Once again, everyone really had to focus on striding and pace in the exercise, and Hawley insisted on good turns and full use of the arena.  The riders started out with easier exercises, riding the easy four from the grid to the skinny or the seven from the skinny to the oxer.  Then things got interesting – Hawley had riders make eight strides from the oxer to the skinny specifically so they could turn right into the coffin in just three strides.  Out of the coffin they had to rollback left, and pick up the pace to make seven strides back from the skinny to the oxer.  Hawley could tell immediately if a horse’s canter was too big or too small to make the striding she wanted, and encouraged riders to make changes early, in particular adding energy to the canter so that they had something to package later.  The last, and most challenging exercise, was a twisty course from the blue oxer, three strides to the skinny, three strides to the coffin, then a left rollback and back from the skinny to the oxer.  Once again, Hawley insisted people “make it happen!”

IMG_3167Hawley and her favourite horse of the weekend!

While these exercises weren’t necessarily ones you will have to deal with in stadium or cross country (at least not at the lower levels!), Hawley pointed out that it’s extremely valuable to have the options open to you.  You should be able to add or leave out strides if you need to, ride a good corner or cut it and stay balanced, and make tight turns when you need to.  You need to know when to balance the canter up or stretch it out, and how to approach different types of obstacles.  In one of Hawley’s early training sessions with Buck Davidson, Buck had all the riders ride entire courses in counter-canter instead of asking for the changes.  It forced all the riders to stay really still as the upper-level horses would change immediately upon feeling a shift of weight, and fascinatingly, none of them had rails.  Because the change encourages the horses to lengthen the canter, it was more likely that the horses would jump flat after a change, on the counter canter they could regulate their pace better.


Day 2 Hawley Wisdom

To refresh horses on skinnies trot, walk, halt in front of the jump, rein back, then trot to the jump.

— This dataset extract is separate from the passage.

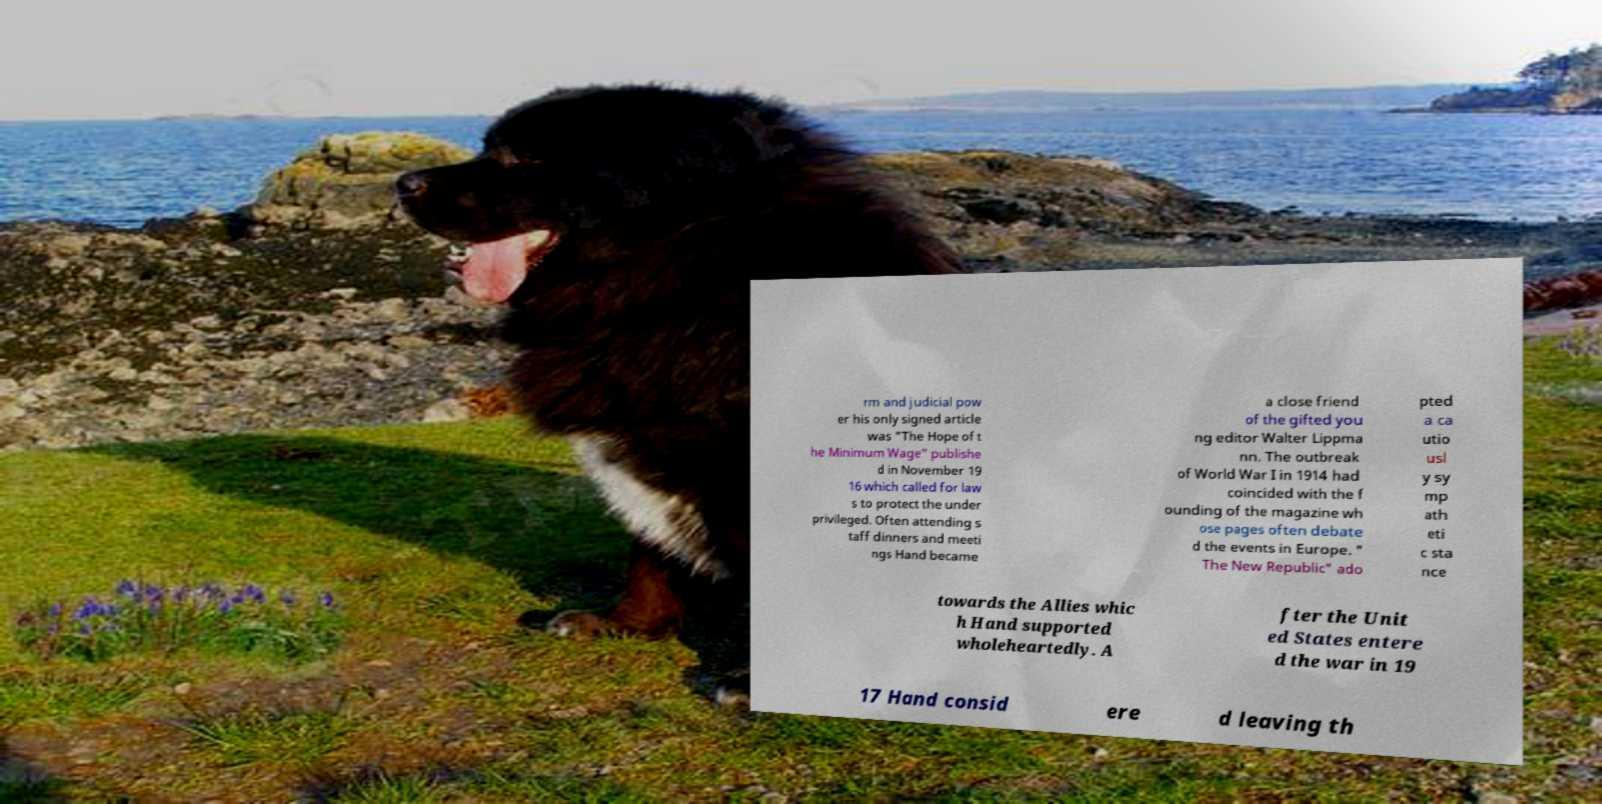Could you extract and type out the text from this image? rm and judicial pow er his only signed article was "The Hope of t he Minimum Wage" publishe d in November 19 16 which called for law s to protect the under privileged. Often attending s taff dinners and meeti ngs Hand became a close friend of the gifted you ng editor Walter Lippma nn. The outbreak of World War I in 1914 had coincided with the f ounding of the magazine wh ose pages often debate d the events in Europe. " The New Republic" ado pted a ca utio usl y sy mp ath eti c sta nce towards the Allies whic h Hand supported wholeheartedly. A fter the Unit ed States entere d the war in 19 17 Hand consid ere d leaving th

Don’t turn her away in front of the jump because that shows them the runout.

Runouts  are your fault, stops are your horses fault.

If you need to compress give yourself some energy to package first. If you package too early and run out of energy then you’re going to think oh crap and push at the end.

Make the canter bouncy!

Oh, and my favourite Hawley tidbit?  If your horse can buck, he can jump.  If he can get his feet five feet up in the air, you know he can jump that high.

Thanks so much for an amazing weekend, HB!